◆ WORK INSTRUCTIONS: Within the entries below, every line containing "Joint" is to be copied.
(Beginning of EXTRACTED RECORDS)
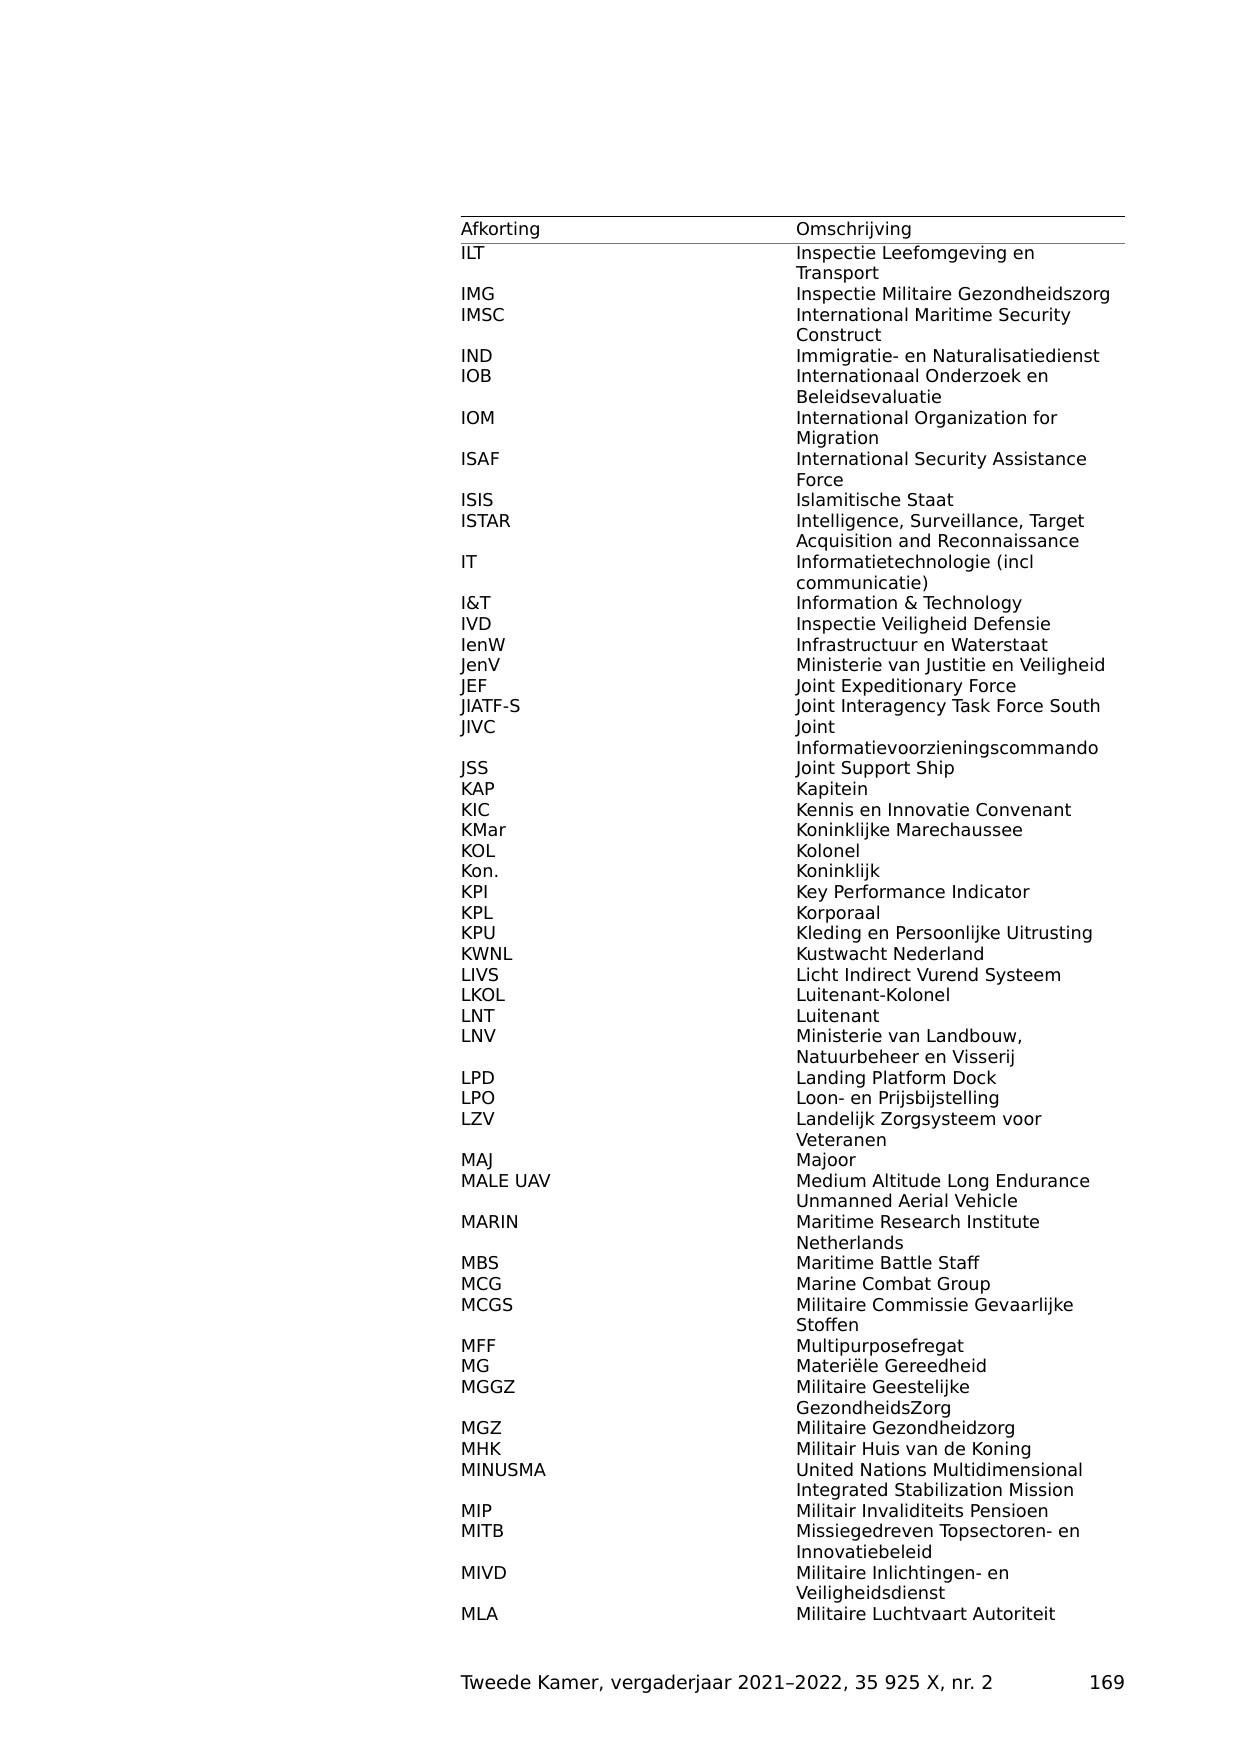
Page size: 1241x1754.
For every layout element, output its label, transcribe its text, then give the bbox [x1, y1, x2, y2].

table_cell International Maritime Security Construct [793, 305, 1125, 346]
table_cell United Nations Multidimensional Integrated Stabilization Mission [793, 1460, 1125, 1501]
table_cell LKOL [461, 985, 793, 1006]
table_cell Korporaal [793, 903, 1125, 923]
table_cell Joint Interagency Task Force South [793, 696, 1125, 717]
table_cell Militaire Geestelijke GezondheidsZorg [793, 1377, 1125, 1418]
table_cell IMG [461, 284, 793, 304]
table_cell IVD [461, 614, 793, 634]
table_cell MIP [461, 1501, 793, 1521]
table_cell JenV [461, 655, 793, 676]
table_cell KWNL [461, 944, 793, 964]
table_cell JSS [461, 758, 793, 779]
table_cell MLA [461, 1604, 793, 1624]
table_cell LPO [461, 1088, 793, 1109]
table_cell KPL [461, 903, 793, 923]
table_cell Loon- en Prijsbijstelling [793, 1088, 1125, 1109]
table_cell Missiegedreven Topsectoren- en Innovatiebeleid [793, 1521, 1125, 1563]
table_cell Omschrijving [793, 217, 1125, 243]
table_cell Militaire Luchtvaart Autoriteit [793, 1604, 1125, 1624]
table_cell MGZ [461, 1418, 793, 1439]
table_cell JEF [461, 676, 793, 696]
table_cell Ministerie van Landbouw, Natuurbeheer en Visserij [793, 1026, 1125, 1068]
table_cell IMSC [461, 305, 793, 346]
table_cell Kennis en Innovatie Convenant [793, 800, 1125, 820]
table_cell LPD [461, 1068, 793, 1088]
table_cell I&T [461, 593, 793, 614]
table_cell Militair Huis van de Koning [793, 1439, 1125, 1459]
table_cell MARIN [461, 1212, 793, 1253]
table_cell Maritime Battle Staff [793, 1253, 1125, 1274]
table_cell Internationaal Onderzoek en Beleidsevaluatie [793, 366, 1125, 408]
table_cell Koninklijk [793, 861, 1125, 882]
table_cell International Organization for Migration [793, 408, 1125, 449]
table_cell Inspectie Veiligheid Defensie [793, 614, 1125, 634]
table_cell Intelligence, Surveillance, Target Acquisition and Reconnaissance [793, 511, 1125, 552]
table_cell Maritime Research Institute Netherlands [793, 1212, 1125, 1253]
table_cell Inspectie Leefomgeving en Transport [793, 244, 1125, 284]
table_cell Ministerie van Justitie en Veiligheid [793, 655, 1125, 676]
table_cell Militaire Inlichtingen- en Veiligheidsdienst [793, 1563, 1125, 1604]
table_cell Militair Invaliditeits Pensioen [793, 1501, 1125, 1521]
table_cell MGGZ [461, 1377, 793, 1418]
table_cell Joint Support Ship [793, 758, 1125, 779]
table_cell MHK [461, 1439, 793, 1459]
table_cell MAJ [461, 1150, 793, 1171]
table_cell MCG [461, 1274, 793, 1294]
table_cell IOM [461, 408, 793, 449]
table_cell LNV [461, 1026, 793, 1068]
table_cell ISAF [461, 449, 793, 490]
table_cell MBS [461, 1253, 793, 1274]
table_cell MFF [461, 1336, 793, 1356]
table_cell Materiële Gereedheid [793, 1356, 1125, 1377]
table_cell Licht Indirect Vurend Systeem [793, 965, 1125, 985]
table_cell ISTAR [461, 511, 793, 552]
table_cell MCGS [461, 1295, 793, 1336]
table_cell LNT [461, 1006, 793, 1026]
table_cell Luitenant [793, 1006, 1125, 1026]
table_cell MITB [461, 1521, 793, 1563]
table_cell Key Performance Indicator [793, 882, 1125, 903]
table_cell Koninklijke Marechaussee [793, 820, 1125, 841]
table_cell Majoor [793, 1150, 1125, 1171]
table_cell KPI [461, 882, 793, 903]
table_cell JIATF-S [461, 696, 793, 717]
table_cell Militaire Commissie Gevaarlijke Stoffen [793, 1295, 1125, 1336]
table_cell Militaire Gezondheidzorg [793, 1418, 1125, 1439]
table_cell KAP [461, 779, 793, 799]
table_cell ILT [461, 244, 793, 284]
table_cell Multipurposefregat [793, 1336, 1125, 1356]
table_cell Inspectie Militaire Gezondheidszorg [793, 284, 1125, 304]
table_cell Landing Platform Dock [793, 1068, 1125, 1088]
table_cell Islamitische Staat [793, 490, 1125, 511]
table_cell Landelijk Zorgsysteem voor Veteranen [793, 1109, 1125, 1150]
table_cell MIVD [461, 1563, 793, 1604]
table_cell KOL [461, 841, 793, 861]
table_cell Afkorting [461, 217, 793, 243]
table_cell Kleding en Persoonlijke Uitrusting [793, 923, 1125, 944]
table_header Tabel 64 Afkortingen [461, 191, 1125, 216]
table_cell Kolonel [793, 841, 1125, 861]
table_cell MINUSMA [461, 1460, 793, 1501]
table_cell MALE UAV [461, 1171, 793, 1212]
table_cell KPU [461, 923, 793, 944]
table_cell LZV [461, 1109, 793, 1150]
table_cell JIVC [461, 717, 793, 758]
table_cell Immigratie- en Naturalisatiedienst [793, 346, 1125, 366]
table_cell Kon. [461, 861, 793, 882]
table_cell Infrastructuur en Waterstaat [793, 635, 1125, 655]
table_cell Informatietechnologie (incl communicatie) [793, 552, 1125, 593]
table_cell IenW [461, 635, 793, 655]
table_cell LIVS [461, 965, 793, 985]
table_cell IND [461, 346, 793, 366]
table_cell MG [461, 1356, 793, 1377]
table_cell IT [461, 552, 793, 593]
table_cell Marine Combat Group [793, 1274, 1125, 1294]
table_cell KMar [461, 820, 793, 841]
table_cell Kapitein [793, 779, 1125, 799]
table_cell Luitenant-Kolonel [793, 985, 1125, 1006]
table_cell IOB [461, 366, 793, 408]
table_cell International Security Assistance Force [793, 449, 1125, 490]
table_cell Medium Altitude Long Endurance Unmanned Aerial Vehicle [793, 1171, 1125, 1212]
table_cell Joint Informatievoorzieningscommando [793, 717, 1125, 758]
table_cell Information & Technology [793, 593, 1125, 614]
table_cell Kustwacht Nederland [793, 944, 1125, 964]
table_cell KIC [461, 800, 793, 820]
table_cell ISIS [461, 490, 793, 511]
table_cell Joint Expeditionary Force [793, 676, 1125, 696]
(End of EXTRACTED RECORDS)
◆ SOLUTION TO THIS EXERCISE:
table_cell Joint Interagency Task Force South [793, 696, 1125, 717]
table_cell Joint Support Ship [793, 758, 1125, 779]
table_cell Joint Informatievoorzieningscommando [793, 717, 1125, 758]
table_cell Joint Expeditionary Force [793, 676, 1125, 696]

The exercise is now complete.